CAUTIONARY STATEMENT REGARDING FORWARD LOOKING INFORMATION
This news release includes forward-looking statements. These involve known and unknown risks, uncertainties and other factors that may cause actual results, performance or achievements or industry results to be materially different from any future results, performance or achievements expressed or implied by such forward-looking statements. These forward-looking statements are identified by the use of terms and phrases such as "anticipate", "believe", "estimate", "expect", "may", "plan", "will", and similar terms and phrases, including references to assumptions. Such statements may involve, but are not limited to: that Hardwoods anticipates the North American economy will continue to experience a slow recovery, with very gradual improvement in the US residential construction markets, steady demand in Canadian housing markets and moderately stronger gains in non-residential construction markets; that given the Company's modest expectations for market demand, Hardwoods will continue to rely on its market share strategy to achieve growth and enhance profits; that the Company intends to further strengthen its presence in the commercial and institutional construction markets, including leveraging Paxton's products and capabilities to make a broader range of products available to customers in these sectors; that Hardwoods intends to leverage its successful import program by continuing to seek out attractive new products and introducing the Company's branded lines of import products to Paxton's base of customers; that the Company intends to solidify and further expand its presence in new geographic markets the Company has entered as a result of the Paxton acquisition, while targeting additional growth in selected existing markets; that key priorities for 2012 will be to build on the business platform from the acquired Paxton operations and to continue executing the Company's growth and operating strategies, while tightly managing the business; and that Hardwoods will also continue to evaluate acquisition opportunities that further increase shareholder value.

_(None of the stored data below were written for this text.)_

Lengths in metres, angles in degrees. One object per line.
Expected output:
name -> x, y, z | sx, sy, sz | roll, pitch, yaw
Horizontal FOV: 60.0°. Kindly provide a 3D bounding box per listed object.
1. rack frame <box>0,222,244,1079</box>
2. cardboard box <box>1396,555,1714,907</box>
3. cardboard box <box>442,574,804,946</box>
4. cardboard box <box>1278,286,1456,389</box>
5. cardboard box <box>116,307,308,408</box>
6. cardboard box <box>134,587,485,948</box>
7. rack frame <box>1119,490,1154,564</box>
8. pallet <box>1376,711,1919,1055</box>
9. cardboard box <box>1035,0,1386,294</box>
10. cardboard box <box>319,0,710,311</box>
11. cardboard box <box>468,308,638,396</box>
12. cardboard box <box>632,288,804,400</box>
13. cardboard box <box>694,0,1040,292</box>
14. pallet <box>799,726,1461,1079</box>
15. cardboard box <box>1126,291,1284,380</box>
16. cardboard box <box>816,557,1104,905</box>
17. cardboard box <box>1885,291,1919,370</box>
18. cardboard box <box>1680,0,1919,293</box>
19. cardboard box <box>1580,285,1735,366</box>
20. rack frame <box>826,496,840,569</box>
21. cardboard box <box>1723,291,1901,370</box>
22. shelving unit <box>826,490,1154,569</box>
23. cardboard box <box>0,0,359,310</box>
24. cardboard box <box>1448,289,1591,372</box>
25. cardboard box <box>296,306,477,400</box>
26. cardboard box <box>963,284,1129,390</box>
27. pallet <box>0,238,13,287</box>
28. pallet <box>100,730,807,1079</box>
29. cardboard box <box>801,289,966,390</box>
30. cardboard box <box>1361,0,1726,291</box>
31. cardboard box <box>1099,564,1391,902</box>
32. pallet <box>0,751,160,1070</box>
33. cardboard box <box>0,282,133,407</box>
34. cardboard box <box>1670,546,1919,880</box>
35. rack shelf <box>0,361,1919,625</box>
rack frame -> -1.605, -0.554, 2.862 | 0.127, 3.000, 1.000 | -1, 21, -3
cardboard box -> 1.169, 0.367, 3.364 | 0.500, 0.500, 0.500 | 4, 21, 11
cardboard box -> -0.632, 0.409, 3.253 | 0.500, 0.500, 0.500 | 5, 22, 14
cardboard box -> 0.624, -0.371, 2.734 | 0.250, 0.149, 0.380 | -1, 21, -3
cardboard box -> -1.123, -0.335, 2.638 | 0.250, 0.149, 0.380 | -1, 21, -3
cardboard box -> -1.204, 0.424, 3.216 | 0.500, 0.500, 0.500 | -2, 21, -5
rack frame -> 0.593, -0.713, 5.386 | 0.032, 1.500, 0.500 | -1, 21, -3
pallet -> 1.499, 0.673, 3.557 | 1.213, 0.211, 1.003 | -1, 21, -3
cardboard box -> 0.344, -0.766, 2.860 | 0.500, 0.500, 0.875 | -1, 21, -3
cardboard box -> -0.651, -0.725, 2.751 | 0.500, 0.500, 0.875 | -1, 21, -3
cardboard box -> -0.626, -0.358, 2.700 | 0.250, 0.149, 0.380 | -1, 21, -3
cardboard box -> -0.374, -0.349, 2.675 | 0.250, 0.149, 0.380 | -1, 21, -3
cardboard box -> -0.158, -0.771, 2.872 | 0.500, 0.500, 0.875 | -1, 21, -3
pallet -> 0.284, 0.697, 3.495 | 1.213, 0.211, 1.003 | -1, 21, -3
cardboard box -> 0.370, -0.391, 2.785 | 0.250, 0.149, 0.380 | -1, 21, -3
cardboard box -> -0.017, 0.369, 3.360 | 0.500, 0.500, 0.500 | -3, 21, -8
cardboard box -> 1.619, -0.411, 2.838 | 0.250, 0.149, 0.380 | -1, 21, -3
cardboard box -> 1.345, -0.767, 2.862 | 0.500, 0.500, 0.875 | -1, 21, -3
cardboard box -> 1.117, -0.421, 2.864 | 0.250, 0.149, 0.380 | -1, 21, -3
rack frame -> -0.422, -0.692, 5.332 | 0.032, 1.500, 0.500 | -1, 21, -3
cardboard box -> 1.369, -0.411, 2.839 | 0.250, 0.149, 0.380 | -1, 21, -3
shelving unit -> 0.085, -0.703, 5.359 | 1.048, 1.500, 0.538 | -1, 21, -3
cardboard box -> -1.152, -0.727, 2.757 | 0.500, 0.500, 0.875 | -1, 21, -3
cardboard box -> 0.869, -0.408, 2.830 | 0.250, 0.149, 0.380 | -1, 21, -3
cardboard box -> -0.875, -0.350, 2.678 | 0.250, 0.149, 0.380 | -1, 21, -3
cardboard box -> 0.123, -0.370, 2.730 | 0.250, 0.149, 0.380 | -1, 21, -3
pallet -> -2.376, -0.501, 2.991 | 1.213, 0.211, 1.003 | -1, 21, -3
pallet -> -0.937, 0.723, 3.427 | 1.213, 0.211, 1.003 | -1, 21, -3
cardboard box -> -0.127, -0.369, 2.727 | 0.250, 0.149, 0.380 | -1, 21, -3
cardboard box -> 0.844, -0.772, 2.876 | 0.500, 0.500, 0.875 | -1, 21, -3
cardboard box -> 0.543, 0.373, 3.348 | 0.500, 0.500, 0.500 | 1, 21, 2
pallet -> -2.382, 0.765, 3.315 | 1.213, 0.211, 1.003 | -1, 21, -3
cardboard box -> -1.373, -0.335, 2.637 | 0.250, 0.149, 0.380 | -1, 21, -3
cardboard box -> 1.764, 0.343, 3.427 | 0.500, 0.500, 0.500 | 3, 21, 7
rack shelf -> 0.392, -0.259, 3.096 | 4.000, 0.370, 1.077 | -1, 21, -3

These forward-looking statements reflect current expectations of management regarding future events and operating performance as of the date of this news release. Forward-looking statements involve significant risks and uncertainties, should not be read as guarantees of future performance or results, and will not necessarily be accurate indications of whether or not such results will be achieved. A number of factors could cause actual results to differ materially from the results discussed in the forward-looking statements, including, but not limited to: national and local business conditions; political or economic instability in local markets; competition; consumer preferences; spending patterns and demographic trends; legislation or governmental regulation; acquisition and integration risks.

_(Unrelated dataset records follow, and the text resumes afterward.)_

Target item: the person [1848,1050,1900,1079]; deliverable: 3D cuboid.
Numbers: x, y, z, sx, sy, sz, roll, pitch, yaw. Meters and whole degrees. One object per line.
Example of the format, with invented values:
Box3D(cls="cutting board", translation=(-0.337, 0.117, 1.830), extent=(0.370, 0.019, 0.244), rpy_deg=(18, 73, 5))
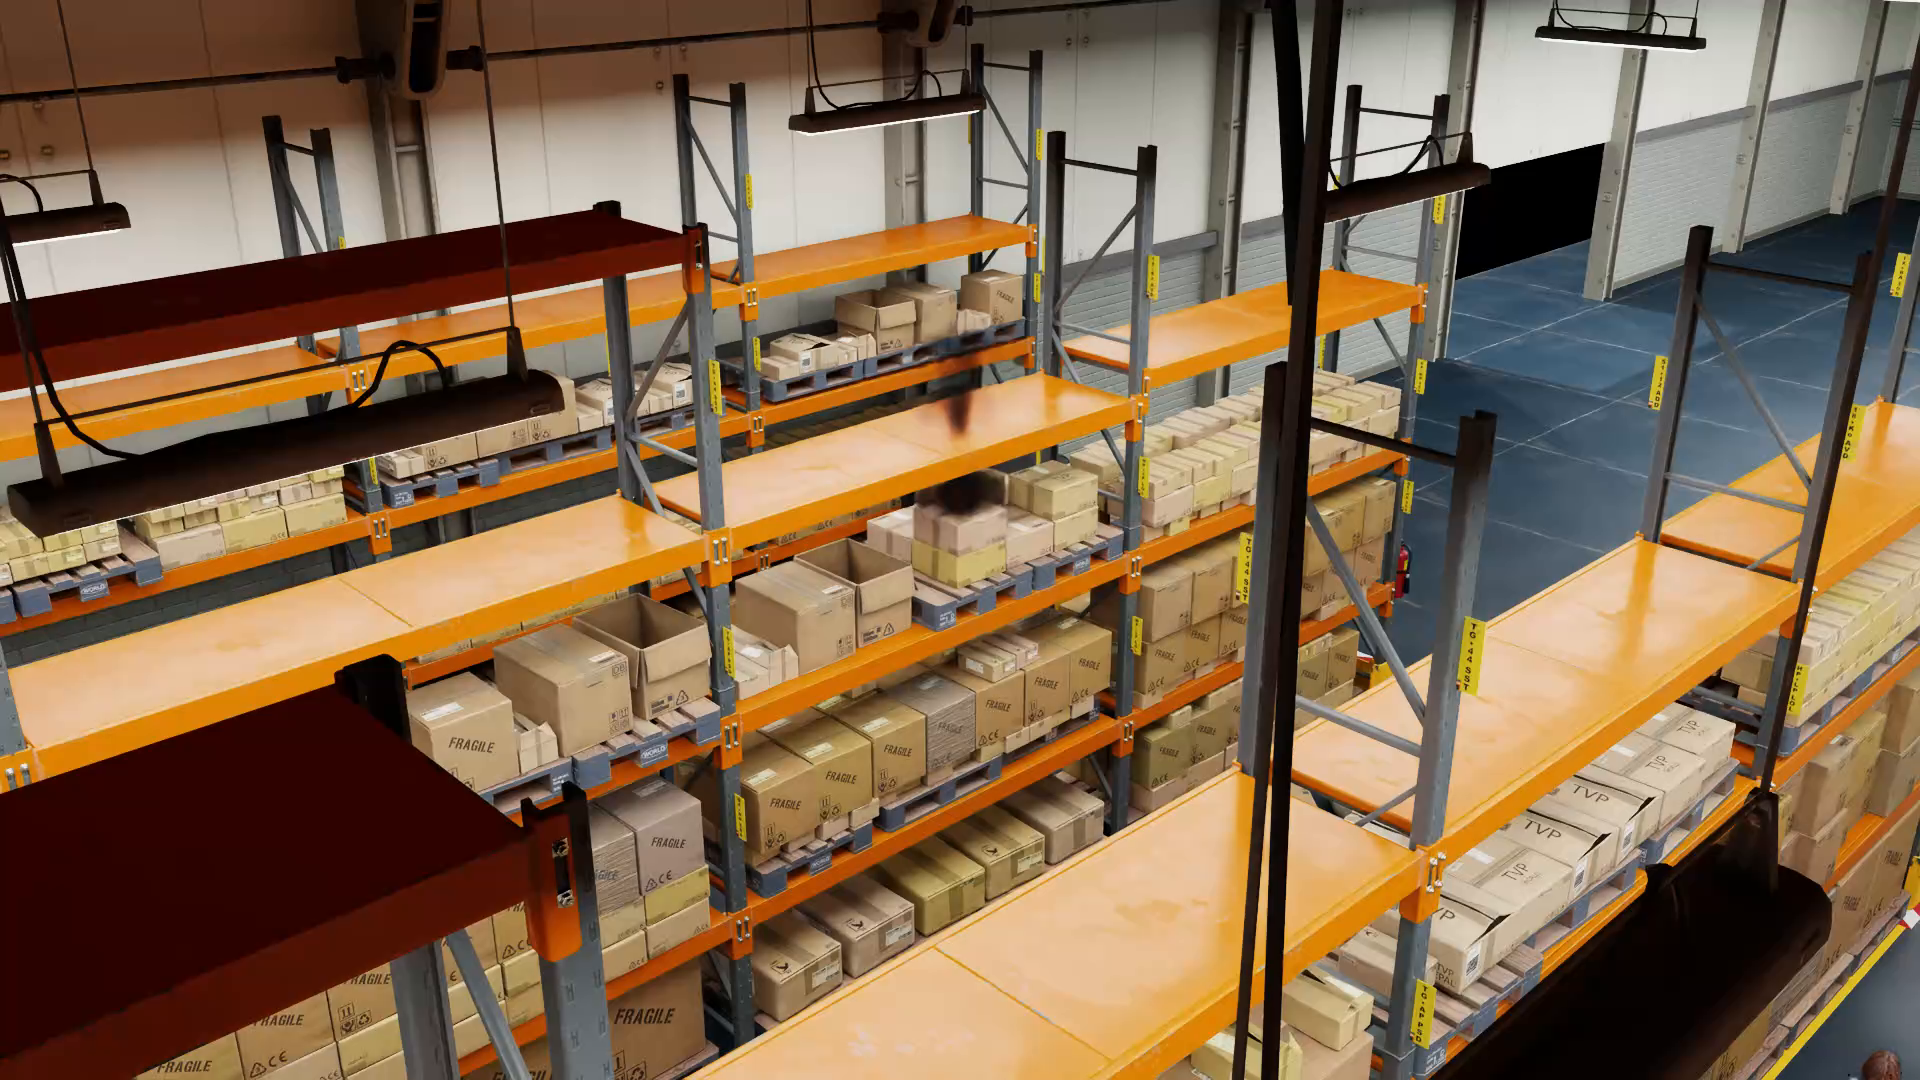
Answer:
Box3D(cls="person", translation=(5.276, 3.686, 9.792), extent=(0.530, 1.622, 0.825), rpy_deg=(20, 30, 40))

Although the forward-looking statements contained in this news release are based upon what management believes to be reasonable assumptions, management cannot assure investors that actual results will be consistent with these forward-looking statements. The forward-looking statements reflect management's current beliefs and are based on information currently available.
All forward-looking information in this news release is qualified in its entirety by this cautionary statement and, except as may be required by law, the Company undertakes no obligation to revise or update any forward looking information as a result of new information, future events or otherwise after the date hereof.